The UK might be turning into a cashless society, but when it comes to Christmas shopping British consumers prefer spending with cash, research from Post Office reveals.

According to the research, six in 10 people across the UK are more likely to use cash rather than cards when purchasing gifts, treats or socialising this Christmas, which rises to two-thirds of people in rural areas. In addition to this, Post Office also found that 45% of people are likely to give cash as a present this Christmas.

Access to cash

While UK consumers are turning to cash this Christmas, continuing bank branch and ATM closures mean that it is becoming harder for some, especially those in rural areas, to withdraw cash from their accounts. Just last week we reported on the fact that TSB is planning to close 82 branches, which is part of an ongoing trend that has seen over half of bank branches close since 1989.  Consumers wanting to withdraw money but who cannot access their accounts, can do so via Post Office branches, with Post Office expecting 20% of people intending to visit a Post Office branch during the festive period doing so to withdraw cash, which increases to 30% of those living in rural areas.

Martin Kearsley, banking services director at the Post Office, said: “Millions of customers of UK banks can rely on our branches for easy access to cash in the run-up to Christmas. Many branches are open longer hours and 4,000 are open seven days a week. Whether it’s withdrawing cash to give as a gift to getting stamps, cards or travel money, our branches provide a personal, face-to-face service, which is important to many, particularly during the festive period.”

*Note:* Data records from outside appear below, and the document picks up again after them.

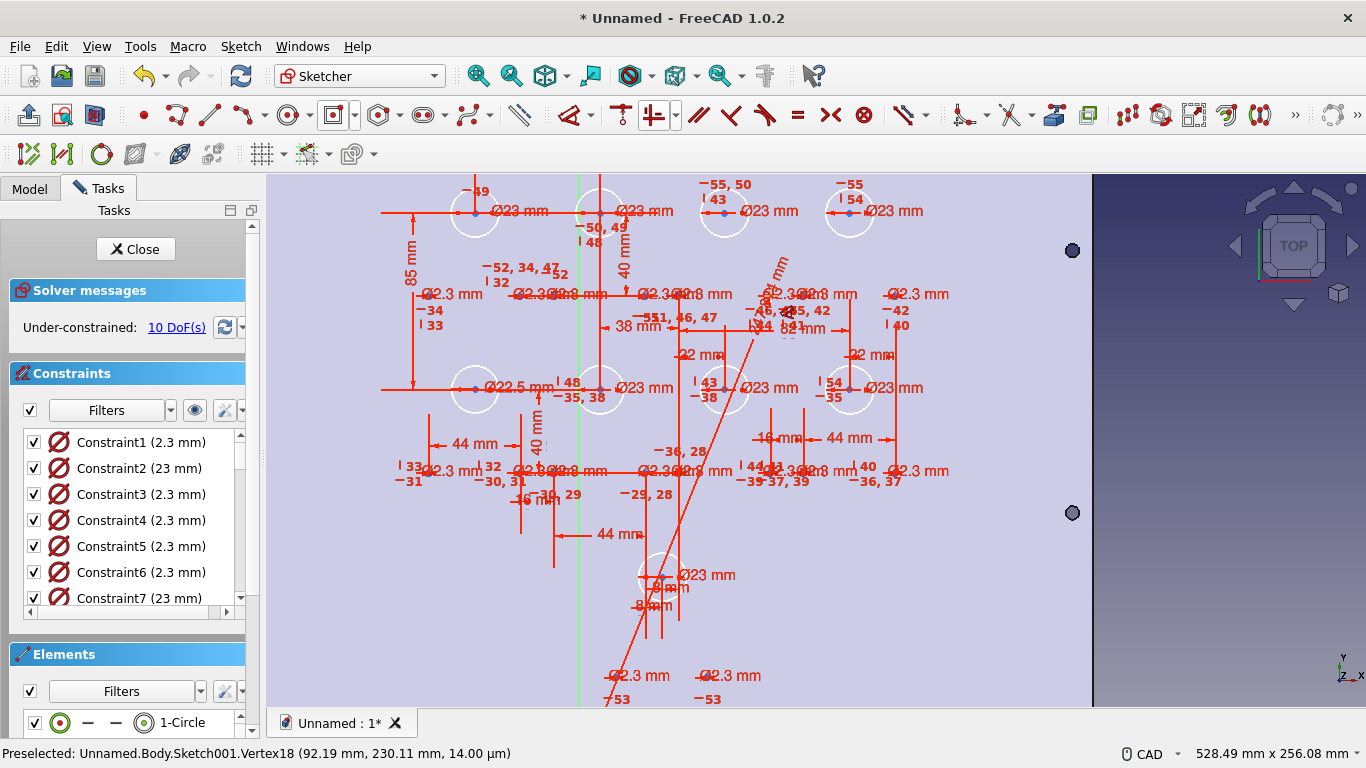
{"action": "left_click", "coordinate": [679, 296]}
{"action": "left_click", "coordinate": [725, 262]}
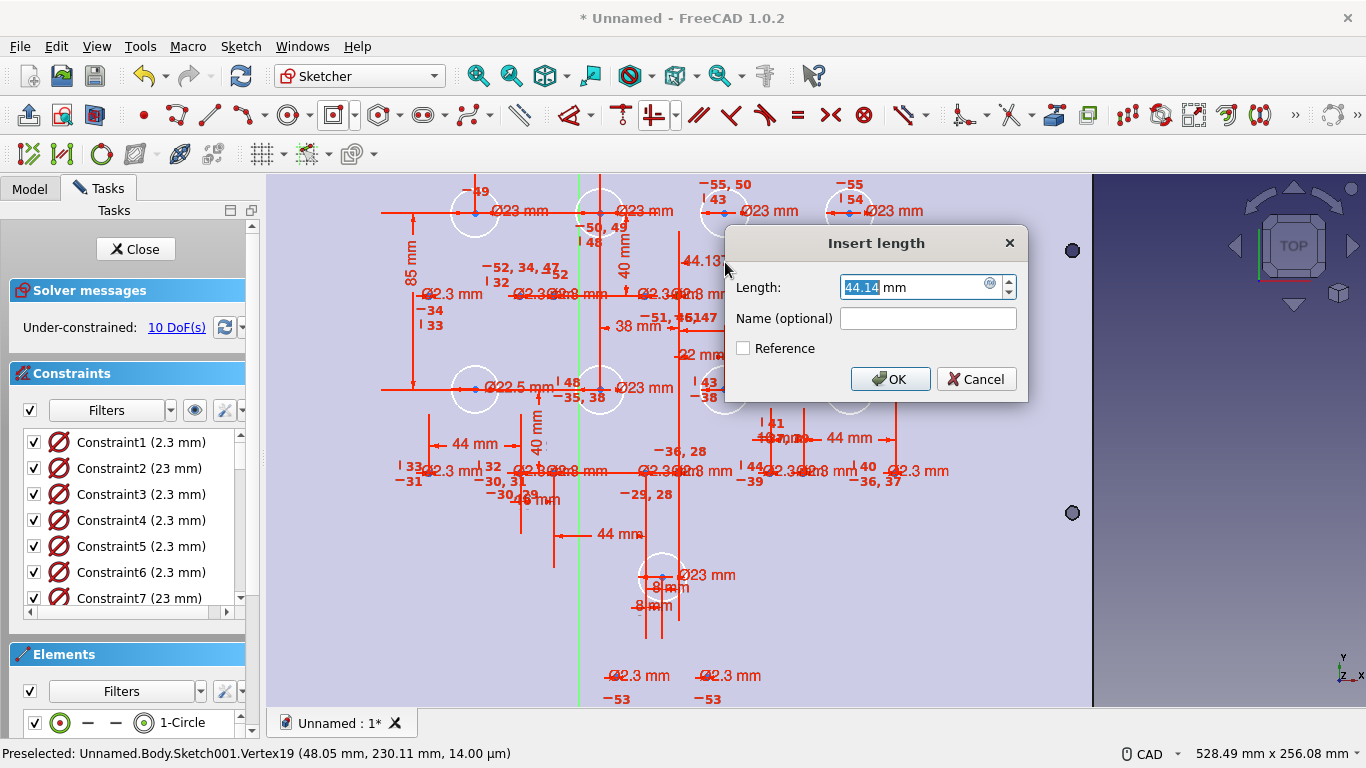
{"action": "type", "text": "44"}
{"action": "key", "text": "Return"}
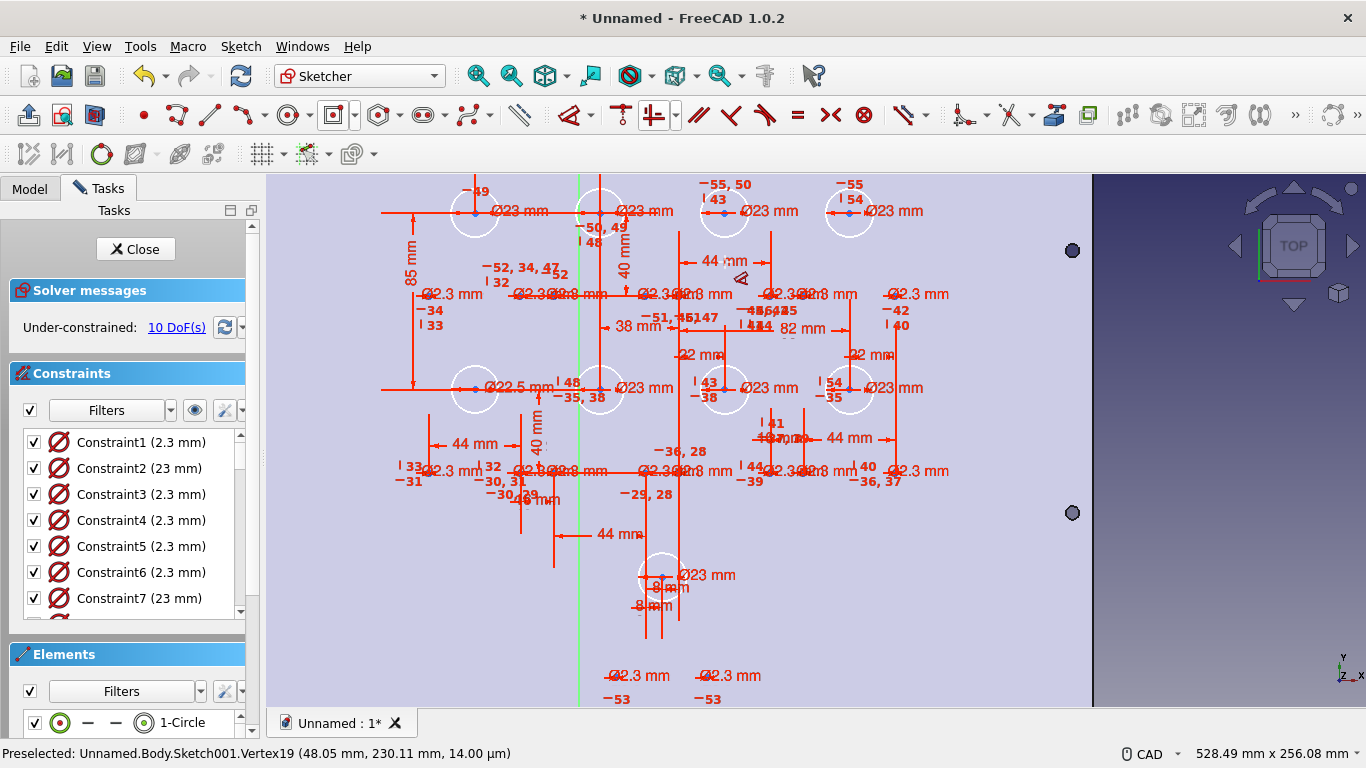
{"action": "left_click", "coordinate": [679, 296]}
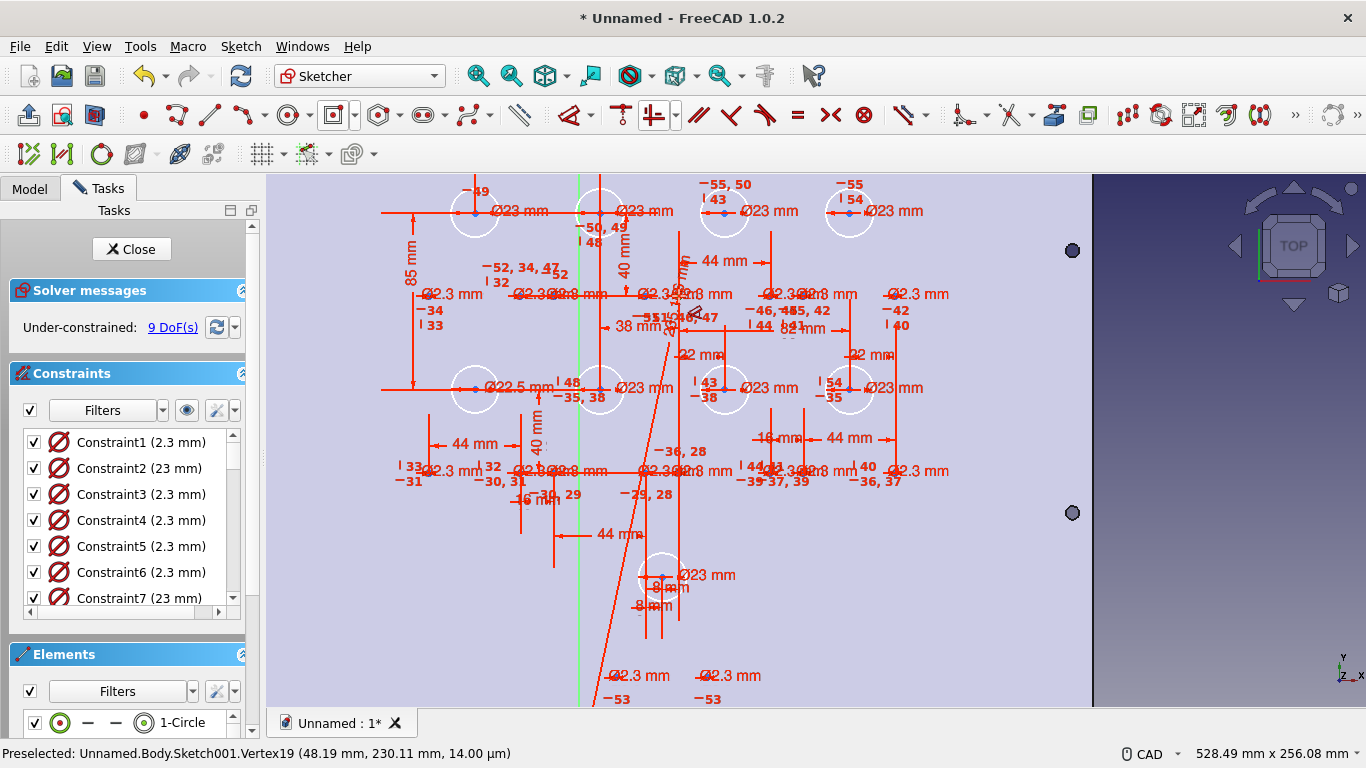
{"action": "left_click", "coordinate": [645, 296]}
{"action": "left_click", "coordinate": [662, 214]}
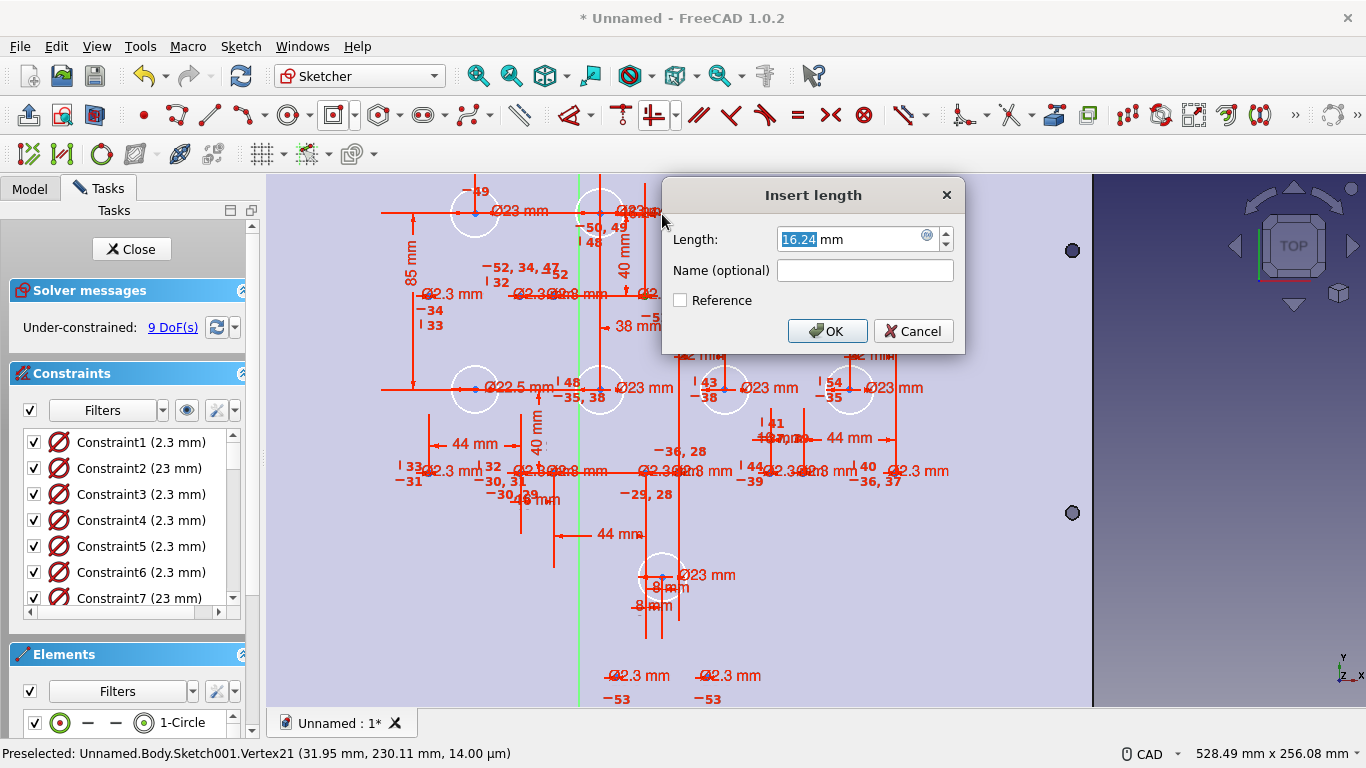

Withdrawing cash using credit cards

Consumers should avoid withdrawing cash using their credit card as they could be hit by high withdrawal fees as well as being charged interest from the day the money is withdrawn, with this continuing to be added daily until the amount borrowed is repaid in full. Instead, to avoid falling into unnecessary debt over the Christmas period, consumers should ensure that they have enough money in their account to cover all the cash costs they are planning to make.